Whilst the President is preaching austerity and belt tightening some bureaucrats seem hell bent on treating governance as business as usual. The money channelled into wasteful, profligate and outlandish items and projects should have been pumped into the productive sector thus creating the much needed employment and job opportunities for our army of unemployed youths.
Politics is still the fastest means of getting rich in Nigeria. The Buhari government should make it less attractive but it would only happen if and when the Federal Government tightens its own belt. Instead of making provision for white elephant projects and ostentatious living Government should embark on aggressive industrialisation and invest heavily in agriculture, food production, preservation, processing and distribution.
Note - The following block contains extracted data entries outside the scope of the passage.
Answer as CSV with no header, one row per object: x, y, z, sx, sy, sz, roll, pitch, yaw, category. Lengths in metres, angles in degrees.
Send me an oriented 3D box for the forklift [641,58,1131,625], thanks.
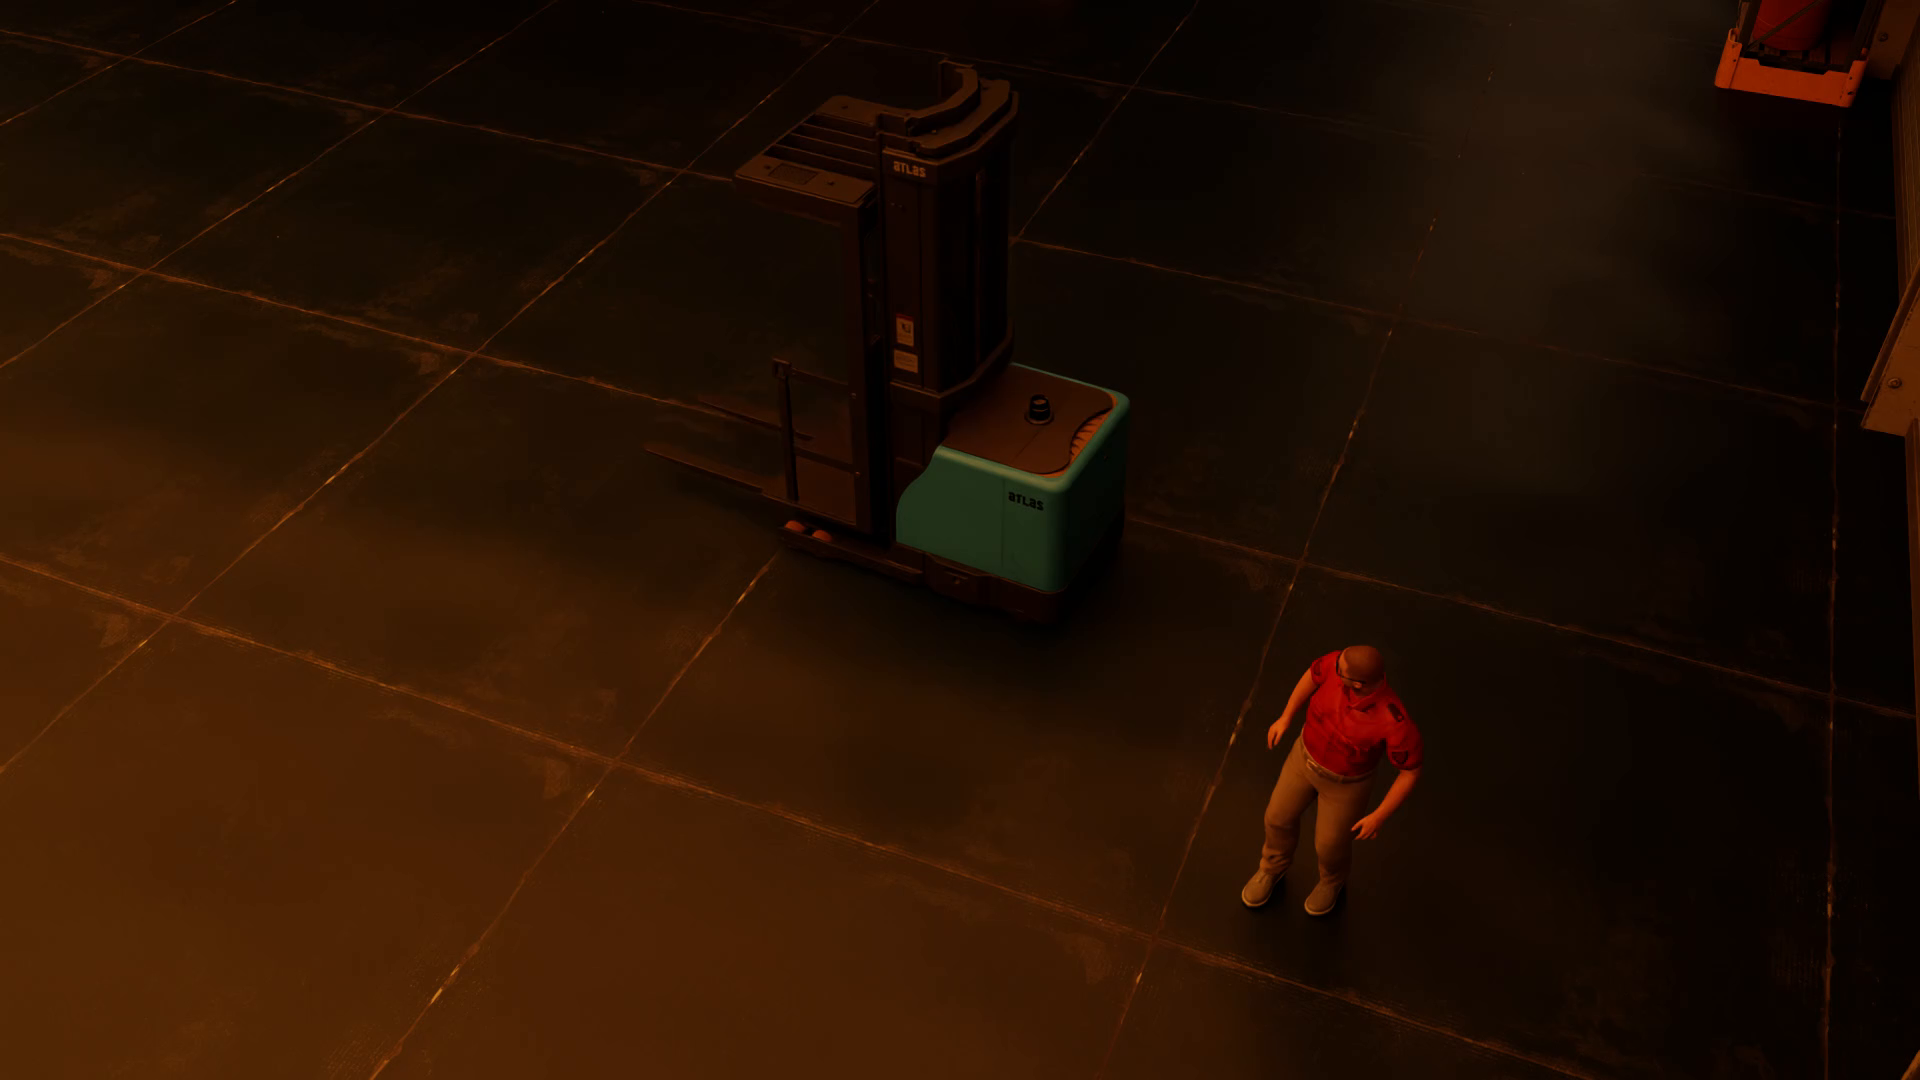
-0.547,-1.299,9.559,3.031,2.935,1.130,18,43,20,forklift

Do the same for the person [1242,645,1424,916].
1.698,1.110,7.634,0.518,1.709,0.748,-30,49,-31,person
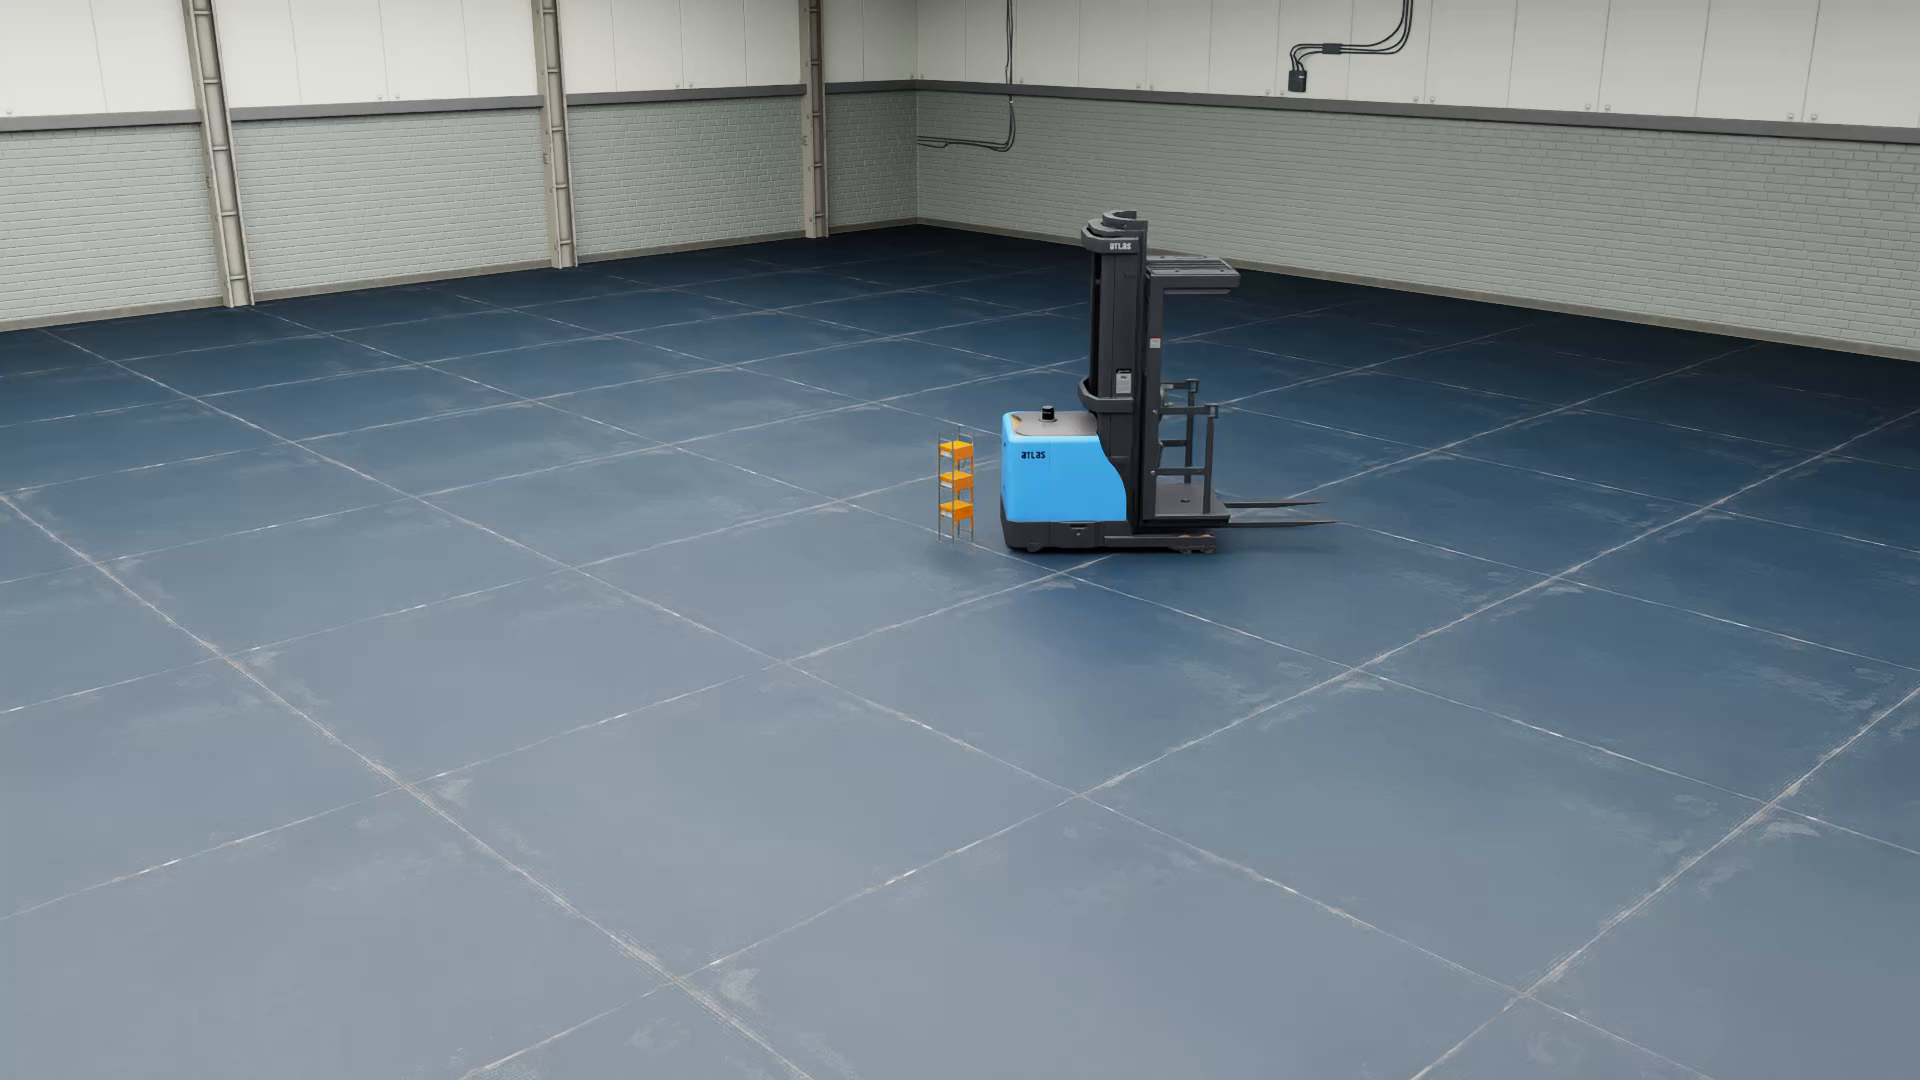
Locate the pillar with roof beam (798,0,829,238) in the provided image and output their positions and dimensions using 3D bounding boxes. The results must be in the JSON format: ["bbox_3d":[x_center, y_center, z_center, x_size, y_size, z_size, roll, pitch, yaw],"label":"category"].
[{"bbox_3d":[-0.047,-9.681,30.520,0.400,9.000,9.100,-16,24,-41],"label":"pillar with roof beam"}]

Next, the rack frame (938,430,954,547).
[{"bbox_3d":[-0.128,-0.462,14.973,0.008,1.050,0.200,-16,24,-41],"label":"rack frame"}]

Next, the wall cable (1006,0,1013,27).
[{"bbox_3d":[1.903,-11.293,32.337,0.112,2.526,3.097,-16,24,-41],"label":"wall cable"}]

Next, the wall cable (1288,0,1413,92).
[{"bbox_3d":[6.555,-10.461,27.410,0.169,6.003,2.305,-16,24,-41],"label":"wall cable"}]

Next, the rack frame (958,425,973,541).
[{"bbox_3d":[0.050,-0.514,15.133,0.008,1.050,0.200,-16,24,-41],"label":"rack frame"}]

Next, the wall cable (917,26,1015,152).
[{"bbox_3d":[0.045,-9.497,34.986,0.112,2.526,3.097,-16,24,-41],"label":"wall cable"}]

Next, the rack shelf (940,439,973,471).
[{"bbox_3d":[-0.039,-0.748,14.969,0.240,0.259,0.215,-16,24,-41],"label":"rack shelf"}]

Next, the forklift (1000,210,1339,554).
[{"bbox_3d":[1.909,-1.436,14.928,3.031,2.935,1.130,-1,18,-2],"label":"forklift"}]

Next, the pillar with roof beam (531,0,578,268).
[{"bbox_3d":[-4.407,-8.410,26.599,0.400,9.000,9.100,-16,24,-41],"label":"pillar with roof beam"}]

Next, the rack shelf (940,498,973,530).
[{"bbox_3d":[-0.039,-0.214,15.142,0.240,0.259,0.215,-16,24,-41],"label":"rack shelf"}]

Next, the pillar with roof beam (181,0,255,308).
[{"bbox_3d":[-8.766,-7.139,22.677,0.400,9.000,9.100,-16,24,-41],"label":"pillar with roof beam"}]

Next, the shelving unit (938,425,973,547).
[{"bbox_3d":[-0.039,-0.488,15.053,0.252,1.050,0.215,-16,24,-41],"label":"shelving unit"}]

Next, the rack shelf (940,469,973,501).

The Governors would have nothing new to learn when the Federal Government itself fails to operate austerity measures. Right now the binge continues. All talk of a fight against corruption thus becomes meaningless and a charade, if care is not taken.
Another area that makes for stealing and corruption to thrive is what the President has described as the rot in the Judiciary. I will however only go far as to say that all is not well with the Judiciary.
The Judiciary is the last hope of the masses. It is the last bastion of the fight against corruption and the bulwark upon which democracy is founded. Yet in Nigeria it is bleeding dangerously. The conditions of service of our Judges need to be looked into and the entire system overhauled. A poor judge would always fall for big or even cheap temptation.
In other countries Judges are the highest paid individuals because it is recognised that they are needed to sanitise the society and everything must therefore be done to make them comfortable and thus relatively incorruptible. Similarly, a miserable police force would go the same way.
An underfunded EFCC, ICPC, Special Fraud Unit, CID, SSS, or whatever nomenclature we give them would collapse under the weight of corruption. All these agencies combined lack the capacity and capability to investigate the horrendous cases at hand. At the rate we are going, most of the cases would stall as always and we may be back to square one unless we change a lot of things around from the way they are presently configured.
Perhaps however the biggest sign that deliverance may never come our way is the fact that Government itself is guilty of stealing from the people. How else can you explain a government that fails to pay its workers at the end of each month not to mention one that does not pay for months on end and still expects dedication, forthrightness and loyalty from its civil servants?
To compound matters you have the case of a government which fails to pay pensions on time, or sometimes even at all, to public servants who have rendered loyal and stellar services to their Fatherland. What do you expect those pensioners to tell their children about government service and integrity? The younger generation is ultimately afraid of becoming impoverished like their parents when old age comes knocking invariably.
There are many more examples and I have merely chosen two from the extreme ends of the scale but the sum total is that unless the Government itself stops short-changing the people the loyalty it seeks and craves will only be a mirage. Government must first start this corruption crusade from within by embarking on policies which demonstrate that it understands that loyalty is reciprocal and is not a one-way street. Until then not even deliverance or exorcism can save us!